What to do: Each line of the material should be set down exactly. Pictures are not part of the copy.

Extracted material:

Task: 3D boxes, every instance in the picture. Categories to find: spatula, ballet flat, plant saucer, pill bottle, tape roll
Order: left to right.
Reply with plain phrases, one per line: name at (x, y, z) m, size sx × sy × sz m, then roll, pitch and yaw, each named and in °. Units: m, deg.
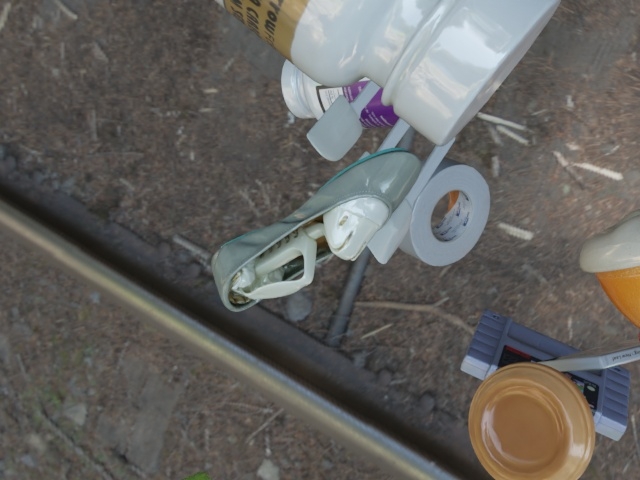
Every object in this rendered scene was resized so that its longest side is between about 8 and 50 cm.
ballet flat at (0.000, 0.000, 0.701) m, size 0.213 × 0.072 × 0.068 m, roll -29°, pitch 51°, yaw 19°
pill bottle at (0.010, -0.161, 0.451) m, size 0.229 × 0.131 × 0.131 m, roll 40°, pitch 114°, yaw 6°
pill bottle at (0.098, -0.286, 1.422) m, size 0.323 × 0.181 × 0.182 m, roll 1°, pitch 99°, yaw 34°
spatula at (0.077, -0.105, 0.894) m, size 0.019 × 0.242 × 0.168 m, roll -18°, pitch 115°, yaw 39°
tape roll at (0.248, -0.060, 1.696) m, size 0.072 × 0.219 × 0.219 m, roll 30°, pitch 113°, yaw 49°
plant saucer at (0.312, 0.285, 1.241) m, size 0.200 × 0.037 × 0.200 m, roll -4°, pitch 84°, yaw 36°

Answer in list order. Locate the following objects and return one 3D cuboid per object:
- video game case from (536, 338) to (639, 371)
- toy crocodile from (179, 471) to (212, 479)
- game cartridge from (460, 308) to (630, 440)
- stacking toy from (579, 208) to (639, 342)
video game case at (0.499, 0.191, 1.383) m, size 0.193 × 0.212 × 0.023 m, roll -11°, pitch 81°, yaw -15°
toy crocodile at (-0.048, 0.393, 0.922) m, size 0.340 × 0.115 × 0.105 m, roll 45°, pitch 106°, yaw 23°
game cartridge at (0.497, 0.284, 1.790) m, size 0.355 × 0.230 × 0.068 m, roll 23°, pitch 116°, yaw 11°
stacking toy at (0.564, 0.163, 1.025) m, size 0.350 × 0.350 × 0.480 m, roll -20°, pitch 87°, yaw 29°
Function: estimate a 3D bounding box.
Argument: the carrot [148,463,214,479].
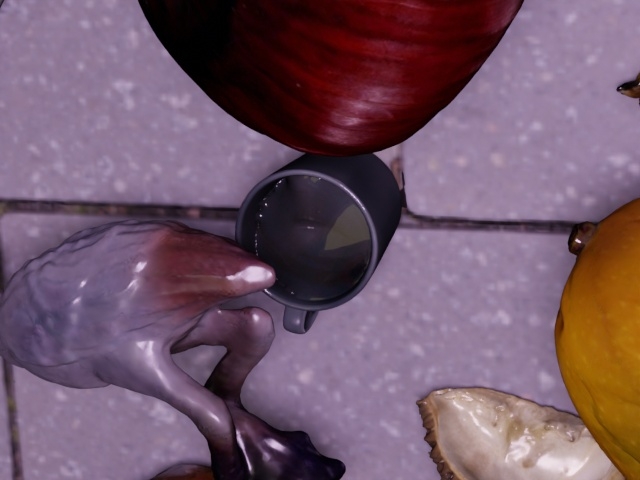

Result of this task:
Task: 3D boxes, every instance in the picture. Categories to find: spatula, ballet flat, plant saucer, pill bottle, tape roll
Order: left to right.
Reply with plain phrases, one per line: name at (x, y, z) m, size sx × sy × sz m, then roll, pitch and yaw, each named and in °. Units: m, deg.
Every object in this rendered scene was resized so that its longest side is between about 8 and 50 cm.
ballet flat at (0.000, 0.000, 0.701) m, size 0.213 × 0.072 × 0.068 m, roll -29°, pitch 51°, yaw 19°
pill bottle at (0.010, -0.161, 0.451) m, size 0.229 × 0.131 × 0.131 m, roll 40°, pitch 114°, yaw 6°
pill bottle at (0.098, -0.286, 1.422) m, size 0.323 × 0.181 × 0.182 m, roll 1°, pitch 99°, yaw 34°
spatula at (0.077, -0.105, 0.894) m, size 0.019 × 0.242 × 0.168 m, roll -18°, pitch 115°, yaw 39°
tape roll at (0.248, -0.060, 1.696) m, size 0.072 × 0.219 × 0.219 m, roll 30°, pitch 113°, yaw 49°
plant saucer at (0.312, 0.285, 1.241) m, size 0.200 × 0.037 × 0.200 m, roll -4°, pitch 84°, yaw 36°

Answer in list order. Locate the following objects and return one 3D cuboid per object:
- video game case from (536, 338) to (639, 371)
- toy crocodile from (179, 471) to (212, 479)
- game cartridge from (460, 308) to (630, 440)
- stacking toy from (579, 208) to (639, 342)
video game case at (0.499, 0.191, 1.383) m, size 0.193 × 0.212 × 0.023 m, roll -11°, pitch 81°, yaw -15°
toy crocodile at (-0.048, 0.393, 0.922) m, size 0.340 × 0.115 × 0.105 m, roll 45°, pitch 106°, yaw 23°
game cartridge at (0.497, 0.284, 1.790) m, size 0.355 × 0.230 × 0.068 m, roll 23°, pitch 116°, yaw 11°
stacking toy at (0.564, 0.163, 1.025) m, size 0.350 × 0.350 × 0.480 m, roll -20°, pitch 87°, yaw 29°
Function: estimate a 3D bounding box.
Argument: the carrot [148,463,214,479].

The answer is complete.